The input:

━━━━

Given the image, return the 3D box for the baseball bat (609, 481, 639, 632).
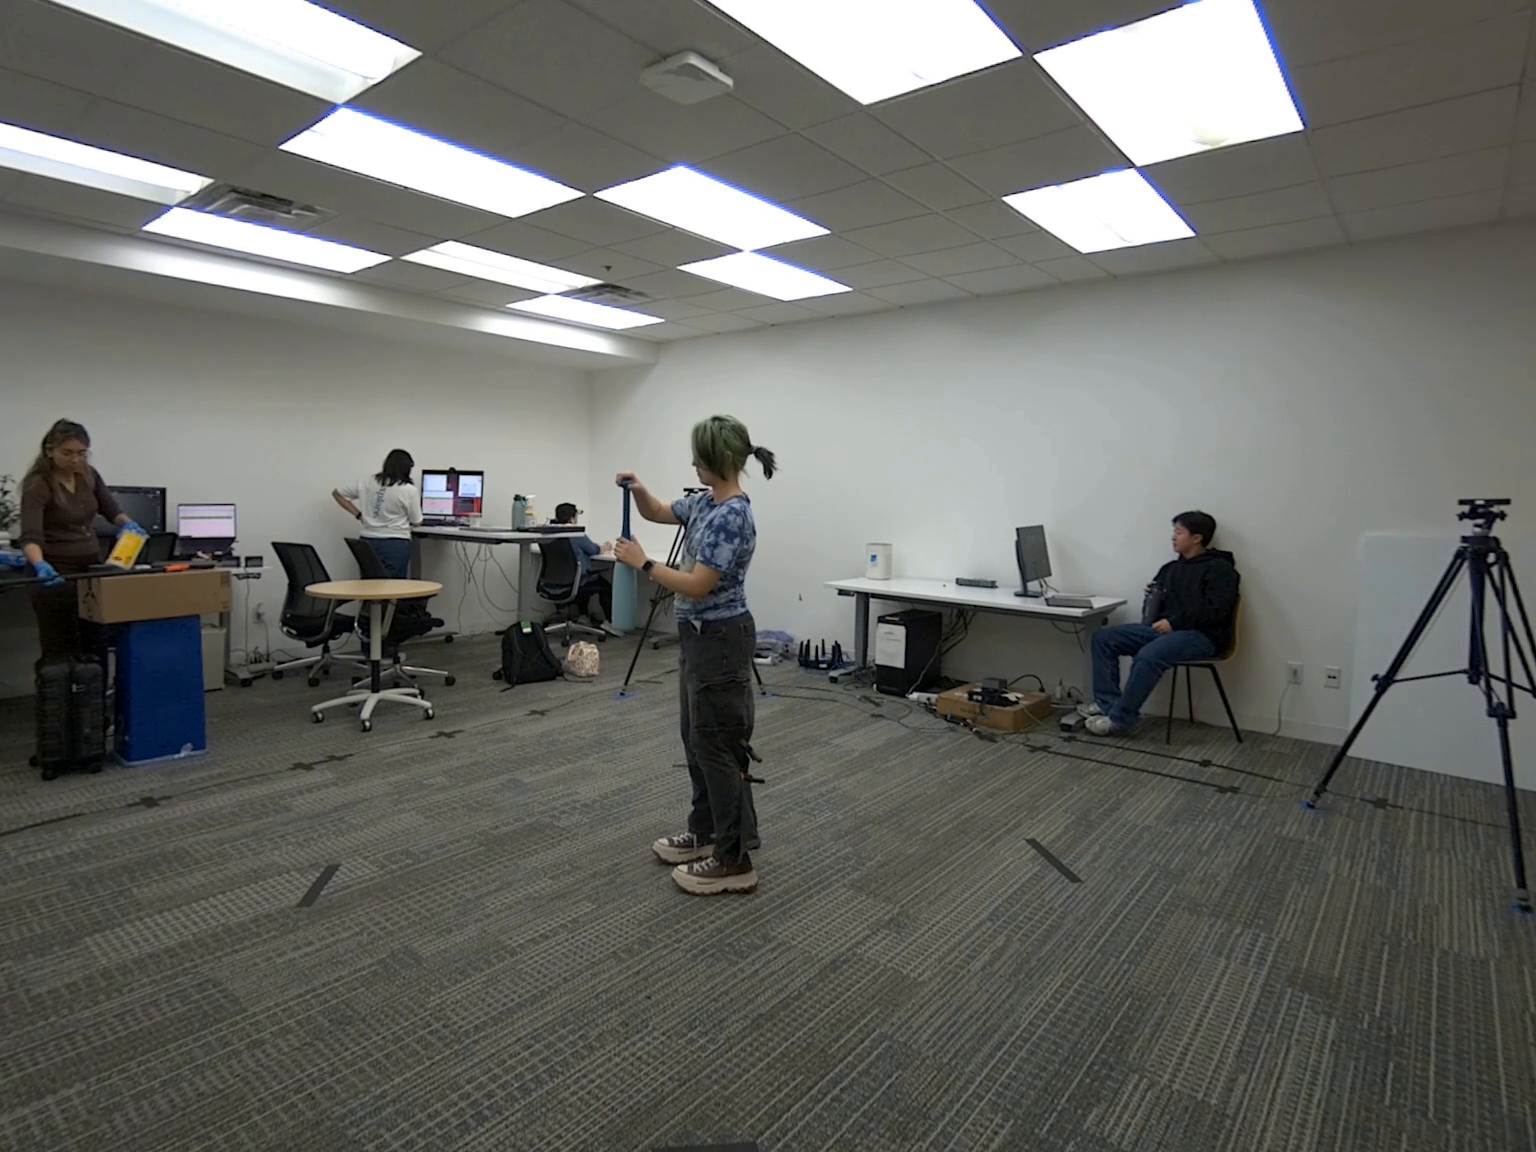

━━━━

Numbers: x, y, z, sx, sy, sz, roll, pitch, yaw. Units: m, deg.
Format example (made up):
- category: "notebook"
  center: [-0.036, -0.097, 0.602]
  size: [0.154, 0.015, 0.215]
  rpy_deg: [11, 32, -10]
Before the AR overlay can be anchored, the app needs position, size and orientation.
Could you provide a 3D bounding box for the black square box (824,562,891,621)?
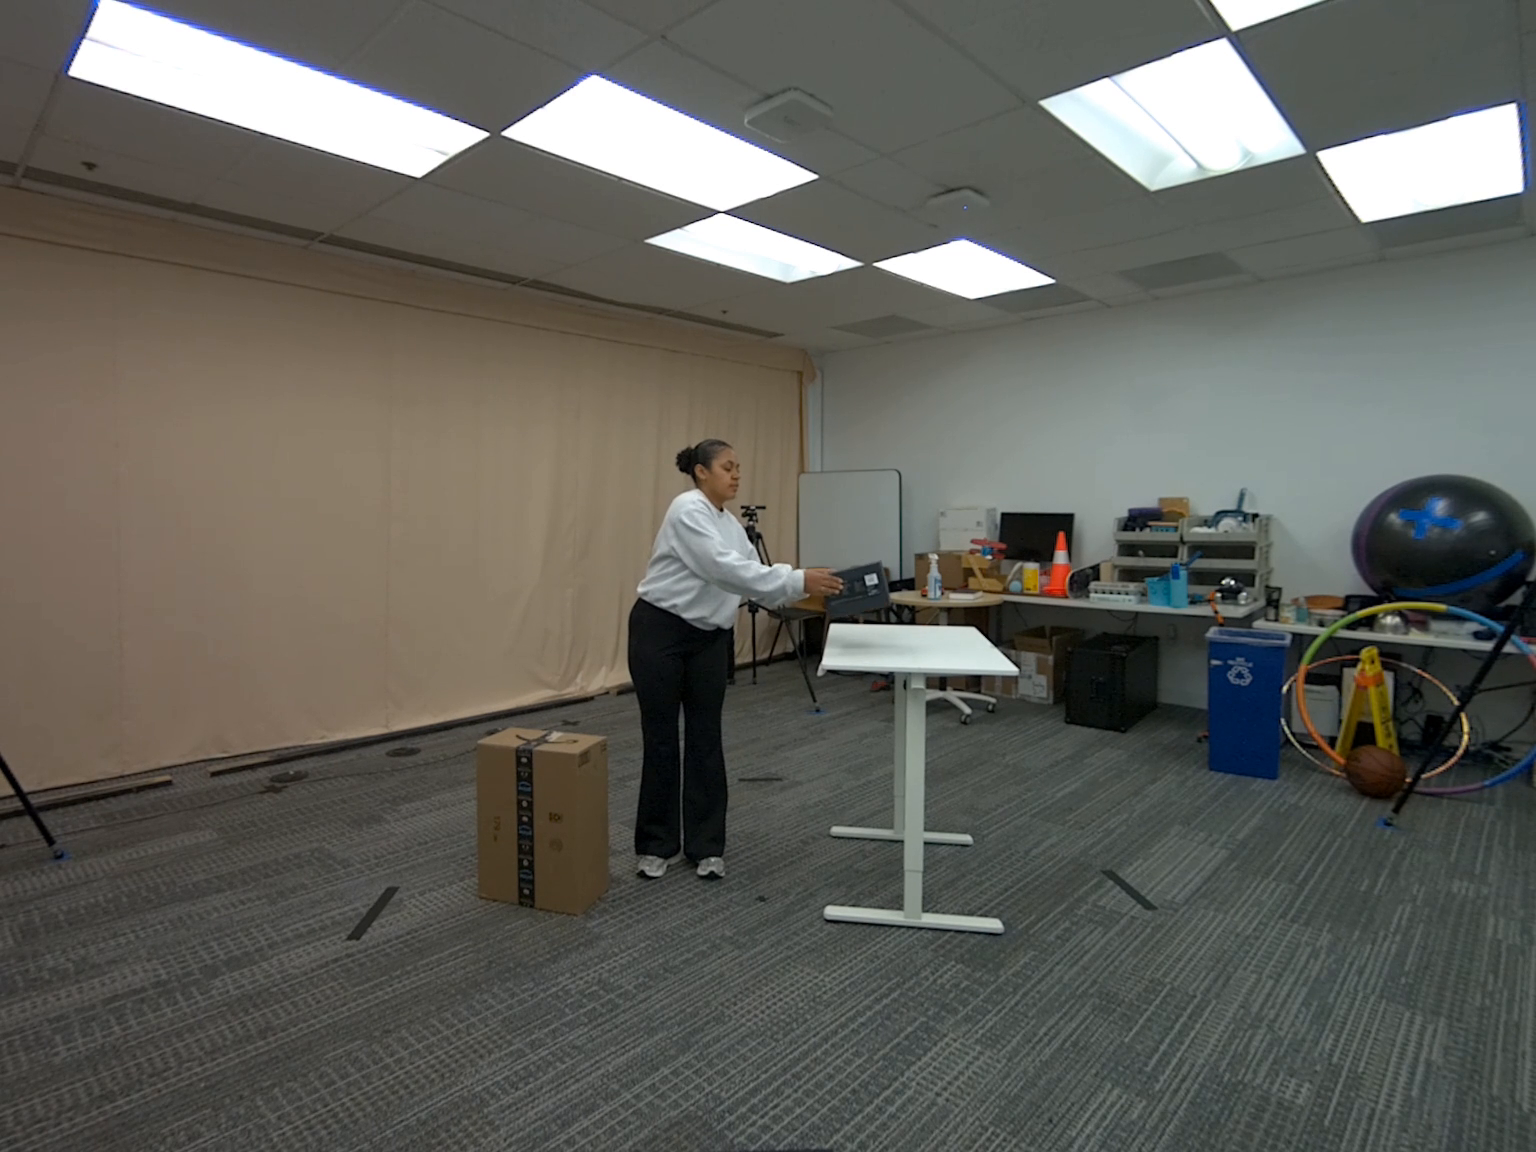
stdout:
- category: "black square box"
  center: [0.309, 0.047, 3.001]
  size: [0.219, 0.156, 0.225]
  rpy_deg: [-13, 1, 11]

━━━━

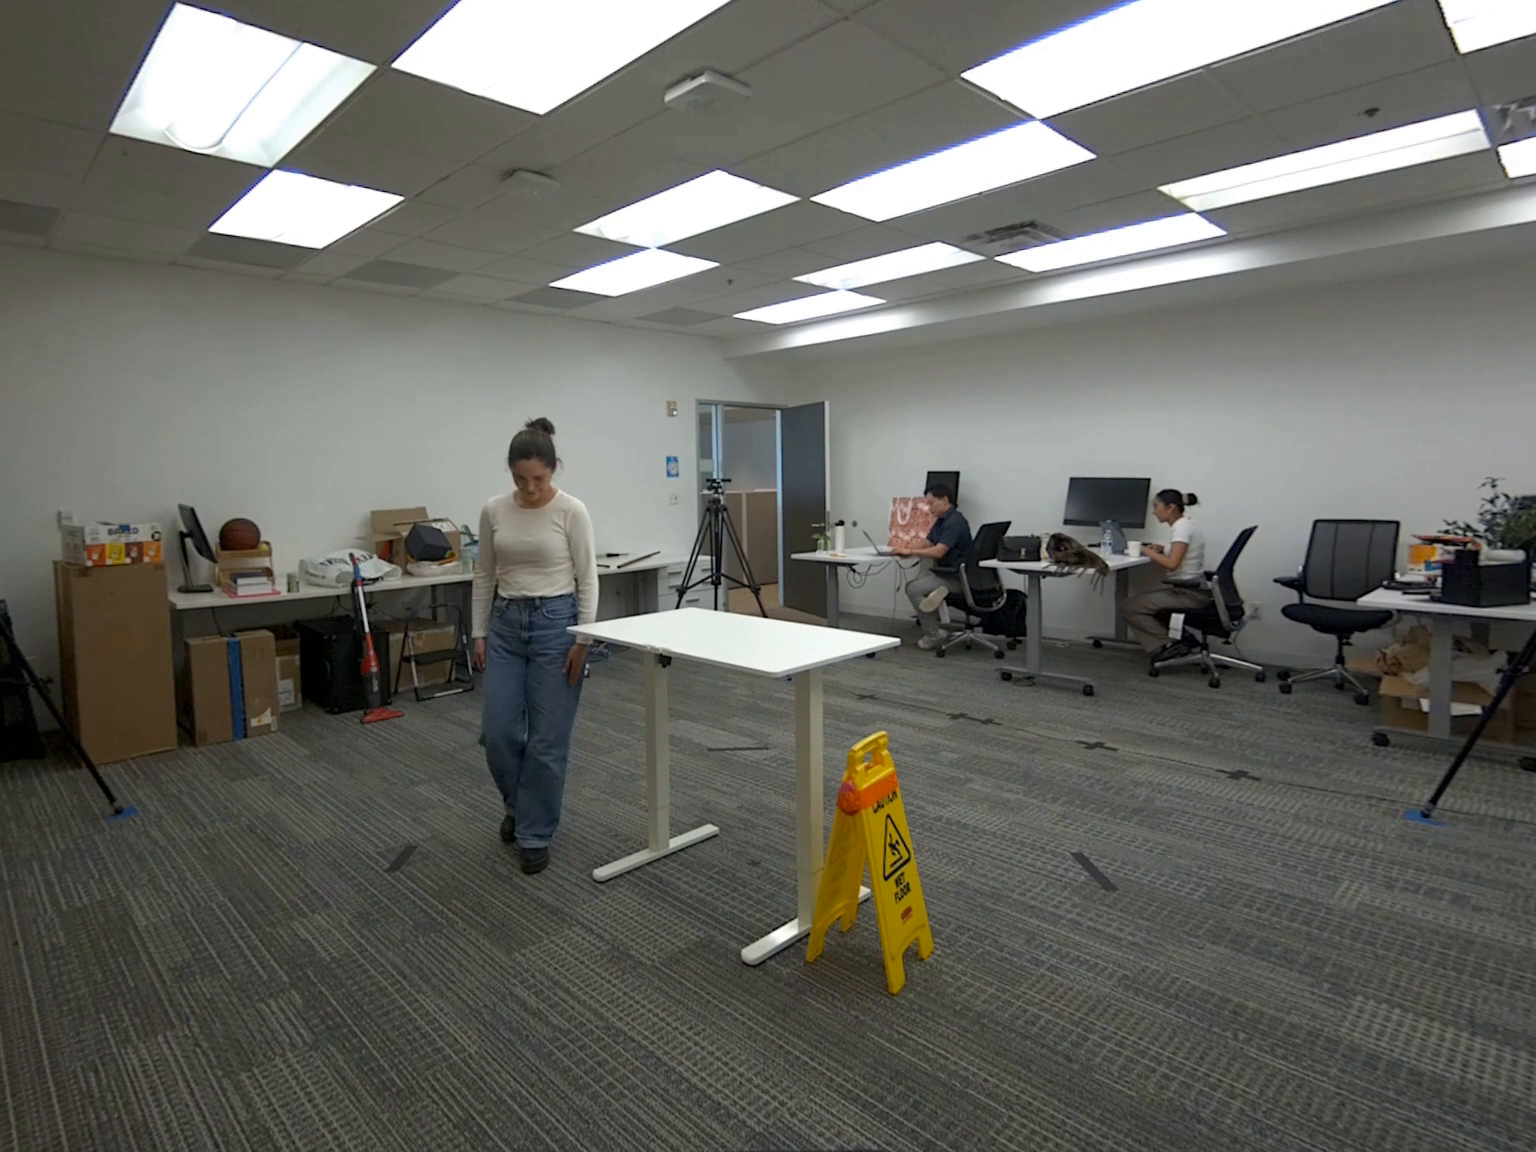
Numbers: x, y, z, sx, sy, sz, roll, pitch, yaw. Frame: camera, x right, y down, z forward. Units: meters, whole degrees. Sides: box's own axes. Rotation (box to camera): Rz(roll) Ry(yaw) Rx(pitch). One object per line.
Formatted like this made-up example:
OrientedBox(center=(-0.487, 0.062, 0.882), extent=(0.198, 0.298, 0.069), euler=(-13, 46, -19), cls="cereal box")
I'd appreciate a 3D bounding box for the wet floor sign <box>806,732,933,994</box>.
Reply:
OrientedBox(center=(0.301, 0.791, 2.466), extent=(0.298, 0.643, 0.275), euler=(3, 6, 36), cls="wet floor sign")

━━━━

Your assignment: Check each line of the data above, and please copy the ones in which the string "roll" occurs.

Task result:
Numbers: x, y, z, sx, sy, sz, roll, pitch, yaw. Units: m, deg.
Numbers: x, y, z, sx, sy, sz, roll, pitch, yaw. Frame: camera, x right, y down, z forward. Units: meters, whole degrees. Sides: box's own axes. Rotation (box to camera): Rz(roll) Ry(yaw) Rx(pitch). One object per line.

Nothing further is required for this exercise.